───── RECORD EXTRACTS ─────

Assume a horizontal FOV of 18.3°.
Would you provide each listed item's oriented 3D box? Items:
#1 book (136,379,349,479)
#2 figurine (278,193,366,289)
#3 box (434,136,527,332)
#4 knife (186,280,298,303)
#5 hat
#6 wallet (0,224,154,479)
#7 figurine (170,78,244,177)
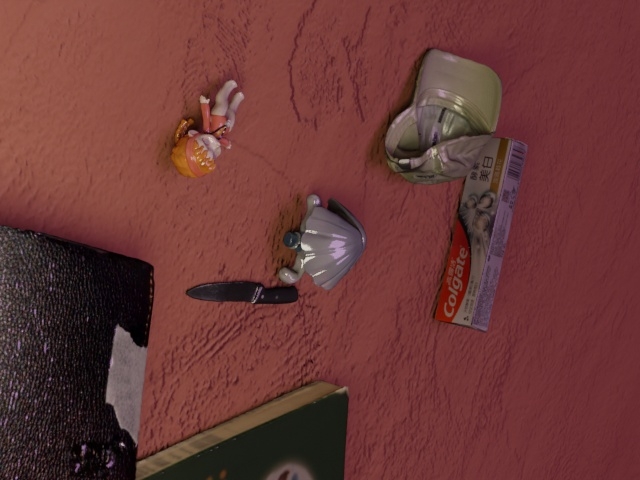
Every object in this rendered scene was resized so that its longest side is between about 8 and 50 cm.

─────

* _HOW TO COMPLETE THIS TASK_
Could you show every line of the listing that holds the string "figurine"?

* _TASK SOLUTION_
#2 figurine (278,193,366,289)
#7 figurine (170,78,244,177)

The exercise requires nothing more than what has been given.